Gen: Your artwork’s a direct response to that too. It interrogates that absence and the issues around representation. You’ve been in that space with the other artists doing that work for a long time, you know, which is really powerful in shifting those racist representations.

Odette: Whatever the modality of the creative work, we are often engaging with creating representations. Racial imagery and ideas are circulated through the Arts. Representation is such a key vehicle for constantly colonising and infiltrating and shaping beliefs around race – racist stereotypes and tropes continue to be recreated, retold and believed – and likewise anti-racist representations can be the strongest counter to subverting and exposing these narratives.

Creative approaches are also really effective in education. People are not always open when the approach is didactic. However if you open up a creative space – something like showing Dianne’s art in the classroom, or a story – using creativity can be such an transformative way to get people having these conversations and feeling engaged.Creativity can generate opportunities to powerfully fight against oppressive conditioning.

Gen: What advice would you give to people who are either personally or professionally wanting to grow in this space and develop a literacy of race or a sort of anti-racist practice?

Dianne: It’s such a hard question because what racial literacy actually does is reveal that there’s no such thing as race! What it does do is involve everyone in the conversation including white people rather than allowing them to exist as the ‘norm’. People come at it with what they’ve been taught which will be very different if you’re Indigenous. So many people talk about race but they never really think about who they are and whether their voice dominates or not.

Odette: On the question of where to start and resources, there’s a documentary series produced by a PBS called RACE–The Power of an Illusion (here’s an online companion to the series). We’re in a time where these resources are available and accessible, if you’re genuinely interested and realise that you’re not just studying ‘race’, you’re studying yourself. You can watch how your mind is thinking, how you edit yourself, what thoughts are in there, and then get really curious. And if you’re from a positionality which is and has been in an oppressive power relationship, watch how much space you take up in the room; watch when you speak and when to listen actively. As Dianne said, the most helpful thing is that open attitude to having a conversation with others and with yourself.

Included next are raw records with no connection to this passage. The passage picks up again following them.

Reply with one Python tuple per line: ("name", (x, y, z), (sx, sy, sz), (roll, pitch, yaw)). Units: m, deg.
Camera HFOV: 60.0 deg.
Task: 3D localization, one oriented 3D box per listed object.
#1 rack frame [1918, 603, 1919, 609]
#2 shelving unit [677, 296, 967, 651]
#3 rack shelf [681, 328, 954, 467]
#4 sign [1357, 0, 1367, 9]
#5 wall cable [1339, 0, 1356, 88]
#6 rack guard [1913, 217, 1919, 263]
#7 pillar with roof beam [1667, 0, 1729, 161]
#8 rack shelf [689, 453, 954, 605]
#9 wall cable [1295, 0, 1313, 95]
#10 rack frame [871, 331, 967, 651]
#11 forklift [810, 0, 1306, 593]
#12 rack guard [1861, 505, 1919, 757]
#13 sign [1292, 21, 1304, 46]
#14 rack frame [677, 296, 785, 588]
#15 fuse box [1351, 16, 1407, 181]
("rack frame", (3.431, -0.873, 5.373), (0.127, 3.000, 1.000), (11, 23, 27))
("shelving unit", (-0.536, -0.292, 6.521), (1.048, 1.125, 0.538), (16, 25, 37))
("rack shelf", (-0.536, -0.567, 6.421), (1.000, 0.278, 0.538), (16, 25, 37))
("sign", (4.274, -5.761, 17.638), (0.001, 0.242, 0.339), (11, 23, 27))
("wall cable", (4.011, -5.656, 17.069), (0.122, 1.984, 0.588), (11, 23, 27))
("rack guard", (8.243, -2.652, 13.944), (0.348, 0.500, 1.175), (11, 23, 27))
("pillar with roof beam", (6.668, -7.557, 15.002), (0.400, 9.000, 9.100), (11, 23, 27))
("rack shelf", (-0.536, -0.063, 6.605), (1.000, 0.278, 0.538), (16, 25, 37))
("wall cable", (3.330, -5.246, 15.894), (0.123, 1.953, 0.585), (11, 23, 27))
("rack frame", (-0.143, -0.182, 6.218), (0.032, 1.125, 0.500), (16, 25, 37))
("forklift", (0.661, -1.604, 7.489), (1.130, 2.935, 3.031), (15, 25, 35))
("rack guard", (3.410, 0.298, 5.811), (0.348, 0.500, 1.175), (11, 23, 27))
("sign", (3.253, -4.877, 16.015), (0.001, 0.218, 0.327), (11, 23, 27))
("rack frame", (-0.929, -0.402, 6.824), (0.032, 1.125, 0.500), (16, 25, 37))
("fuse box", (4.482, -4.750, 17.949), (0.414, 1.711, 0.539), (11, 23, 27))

Dianne: When we started this conversation over a decade ago, and we went to a conference in America, they were all talking about race and teaching race… Coming back to Australia, it was really quiet. Race works differently in the UK to America, then to Australia, and so on –  if you’re going to teach, don’t only look at where you’re sitting, but how race works everywhere and how it works in Australia.

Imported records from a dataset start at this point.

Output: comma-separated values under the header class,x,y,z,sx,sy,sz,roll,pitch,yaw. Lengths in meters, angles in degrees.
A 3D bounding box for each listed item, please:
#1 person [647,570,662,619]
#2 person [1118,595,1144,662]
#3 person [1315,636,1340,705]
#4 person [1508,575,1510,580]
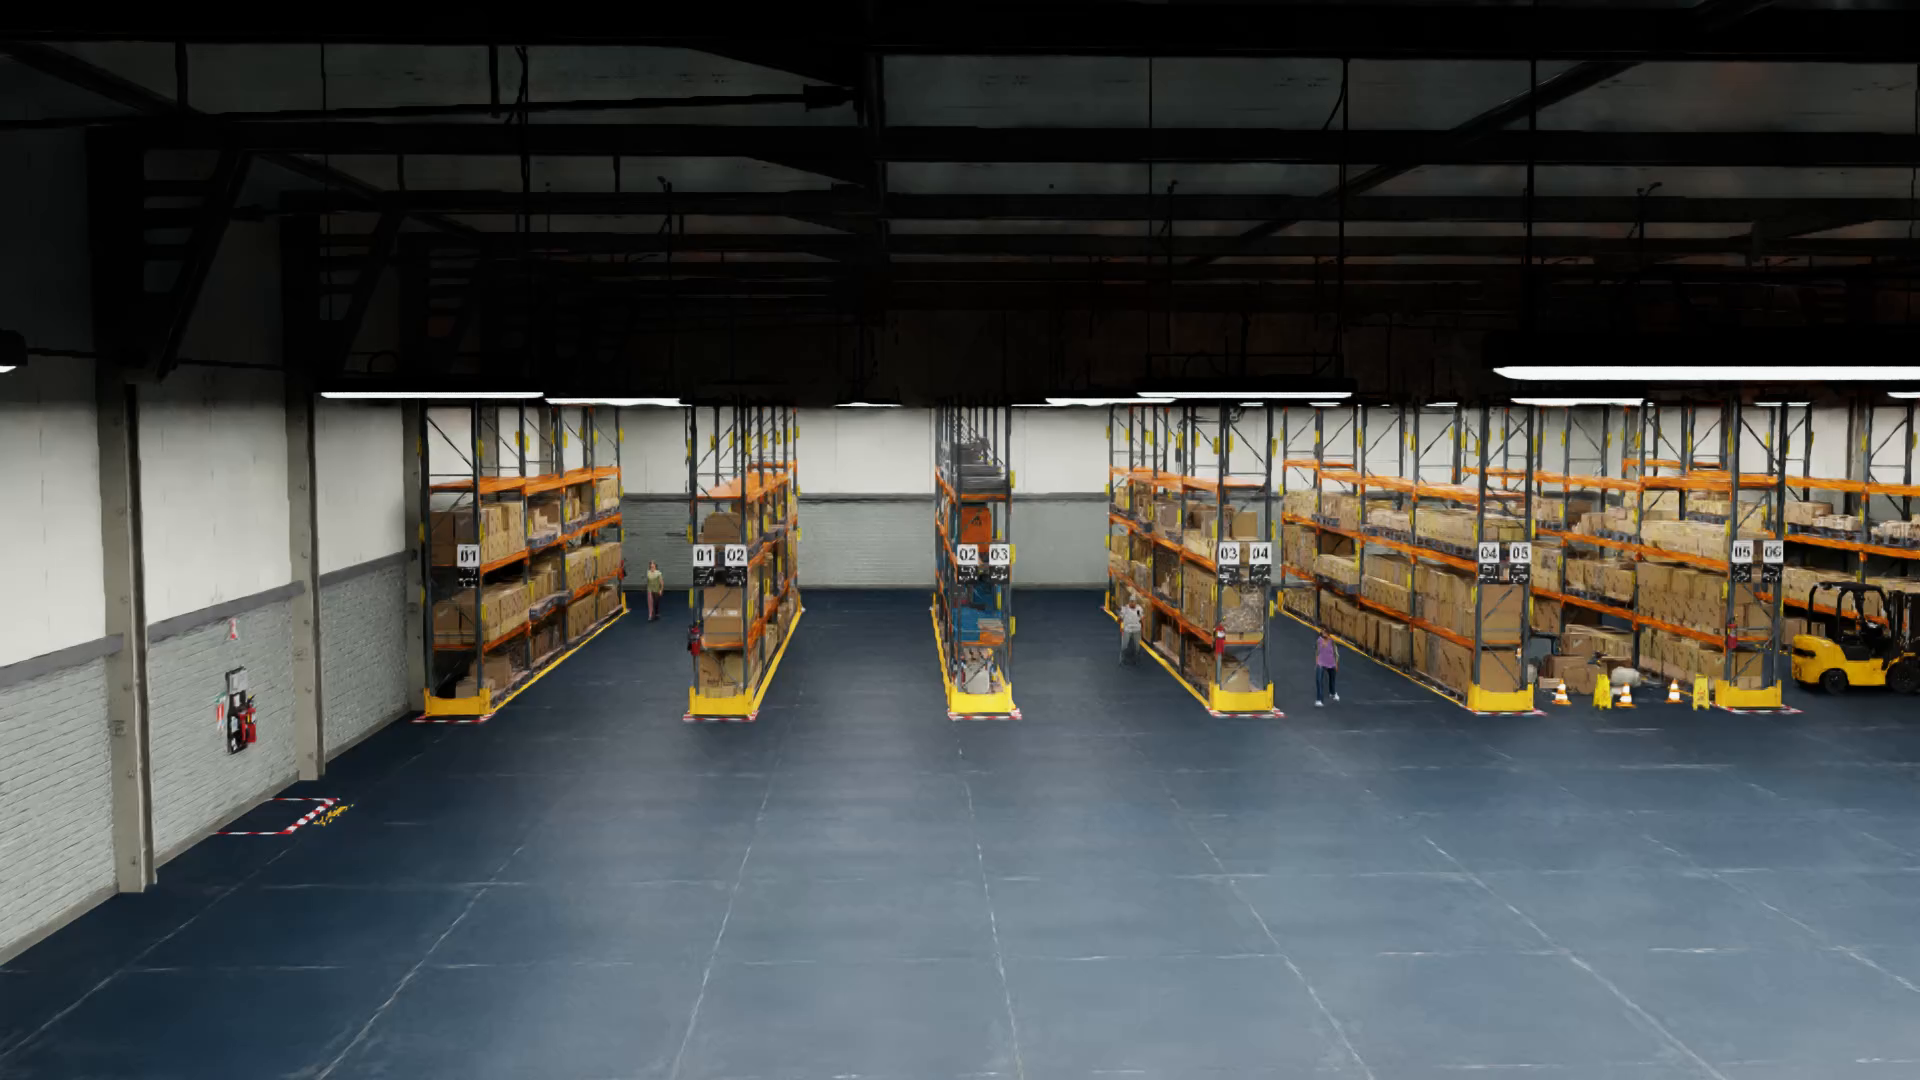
class,x,y,z,sx,sy,sz,roll,pitch,yaw
person,-8.277,1.458,45.121,0.450,1.317,0.873,0,5,-3
person,3.817,1.980,37.037,0.593,1.545,0.568,0,5,-4
person,7.150,2.514,32.306,0.431,1.317,0.866,2,5,19
person,13.171,1.661,39.689,0.357,1.724,0.617,-3,5,-32

Odette: Yes, we originally discovered the term racial literacy and what is meant by a racial literacy approach in the scholarship of predominantly African American women such as Lani Guinier who we visited in our travels to research racial literacy. Her article ‘From Racial Liberalism to Racial Literacy’ was really influential for us, and also the work of France Winddance Twine and numerous writers and creatives in this field. Their work on racial literacy along with the brilliant scholarship happening here in Australia from Aileen Moreton Robinson, Irene Watson and so many others… Studying these writings along with the artists Dianne mentioned earlier, and developing our thinking through conversations with collaborators and friends like Lilly Brown and yourself, has been fundamental and continually inspiring.

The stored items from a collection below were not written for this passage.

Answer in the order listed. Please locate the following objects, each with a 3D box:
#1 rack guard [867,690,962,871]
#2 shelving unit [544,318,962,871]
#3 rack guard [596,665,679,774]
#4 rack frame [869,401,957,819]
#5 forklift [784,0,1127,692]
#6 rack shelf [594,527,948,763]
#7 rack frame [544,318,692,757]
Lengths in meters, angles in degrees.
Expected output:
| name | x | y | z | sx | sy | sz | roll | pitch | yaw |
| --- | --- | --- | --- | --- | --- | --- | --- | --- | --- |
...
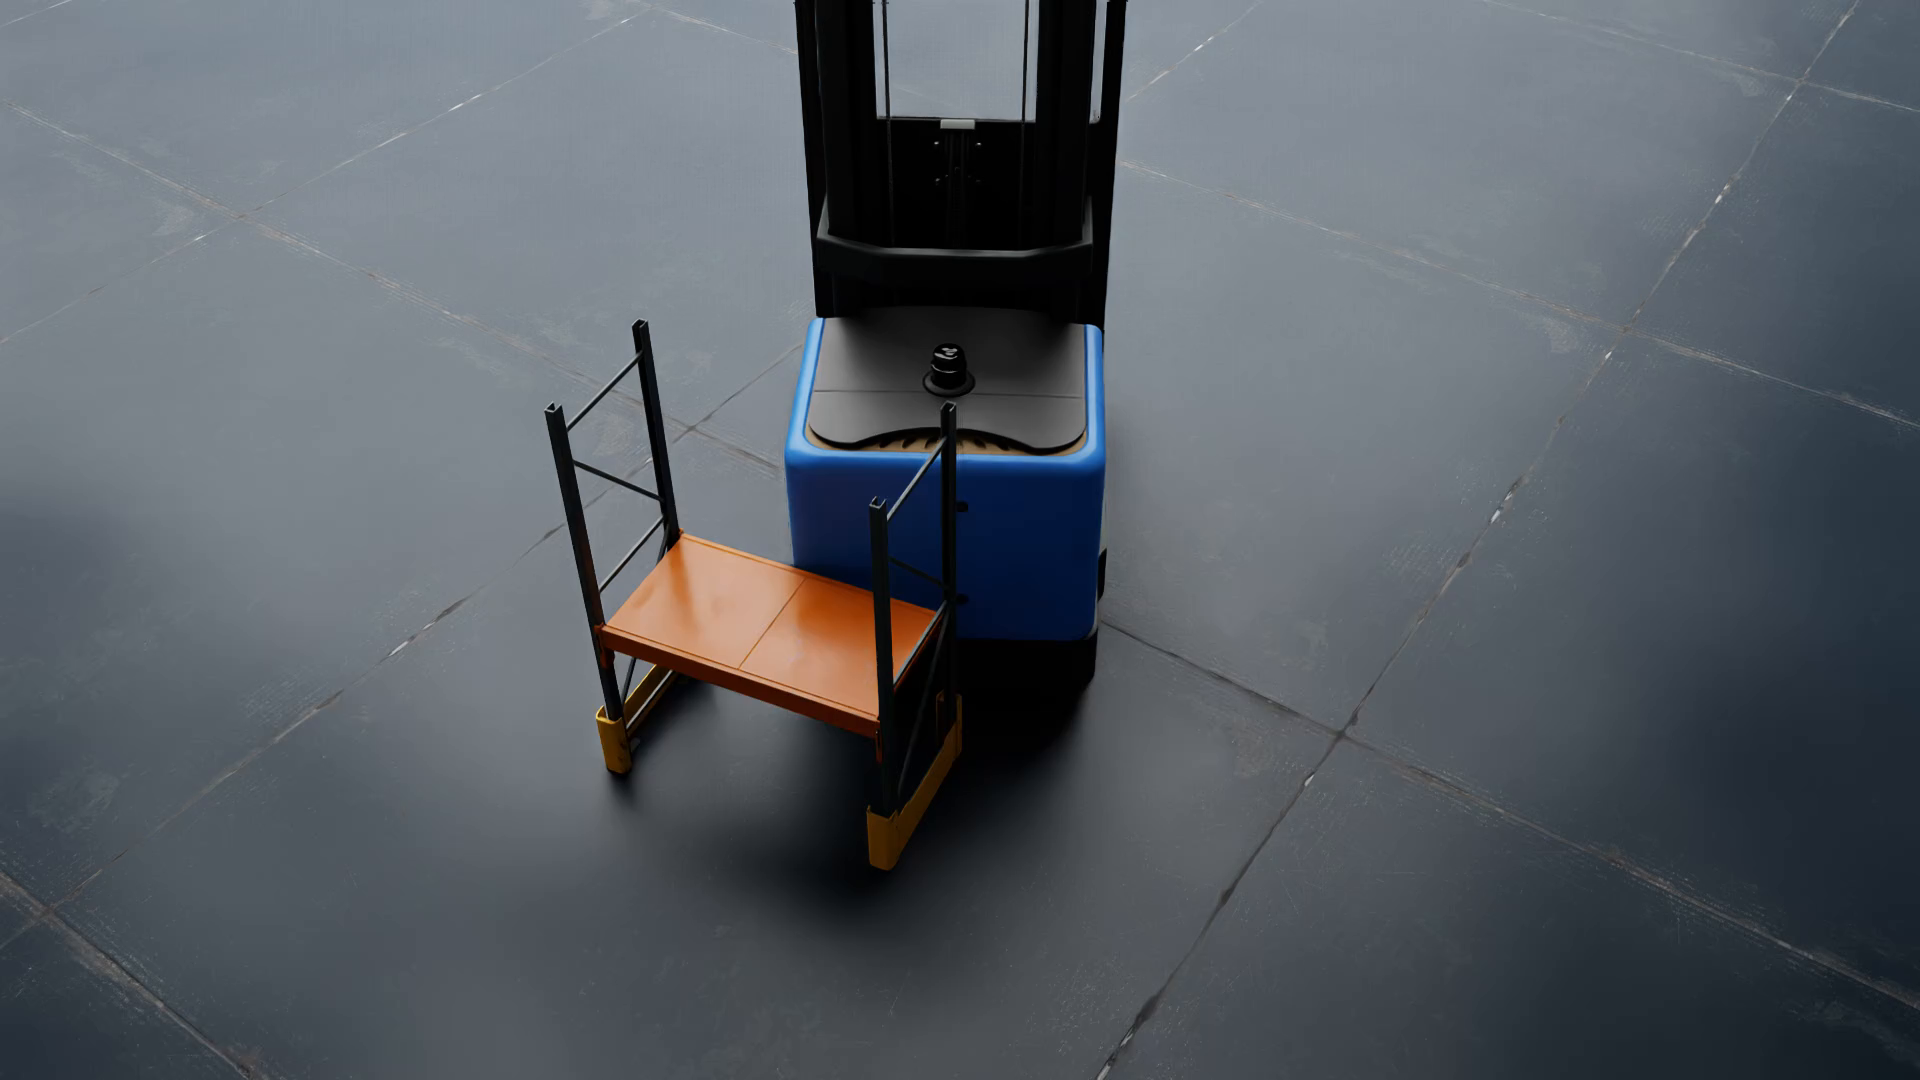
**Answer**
| name | x | y | z | sx | sy | sz | roll | pitch | yaw |
| --- | --- | --- | --- | --- | --- | --- | --- | --- | --- |
| rack guard | -0.142 | 0.781 | 5.452 | 0.087 | 0.250 | 0.587 | 16 | 44 | 18 |
| shelving unit | -0.598 | 0.181 | 5.186 | 1.083 | 1.500 | 0.587 | 16 | 44 | 18 |
| rack guard | -1.053 | 0.512 | 5.753 | 0.087 | 0.250 | 0.587 | 16 | 44 | 18 |
| rack frame | -0.124 | 0.321 | 5.030 | 0.032 | 1.500 | 0.500 | 16 | 44 | 18 |
| forklift | 0.013 | -1.527 | 6.021 | 1.130 | 2.935 | 3.031 | 2 | 42 | 2 |
| rack shelf | -0.589 | 0.317 | 5.303 | 1.000 | 0.185 | 0.538 | 16 | 44 | 18 |
| rack frame | -1.054 | 0.046 | 5.336 | 0.032 | 1.500 | 0.500 | 16 | 44 | 18 |

We’ve talked about conversation, but to have those conversations in a way that is respectful, but also honest and challenging, takes being in relationship with each other to sit in potentially uncomfortable spaces for long periods of time. That takes also realising that the setup with relationships itself can be influenced by a kind of colonial history depending if there are different positionalities. If you are the one seeking to learn, it is not about extracting something from other people when you want to have these conversations directly – it’s more thinking about ways of approaching these conversations as real genuine connections and building a community of support, reciprocity and learning together.

Gen: That’s the thing – we can only scratch the surface. It’s a whole body of knowledge you’re holding.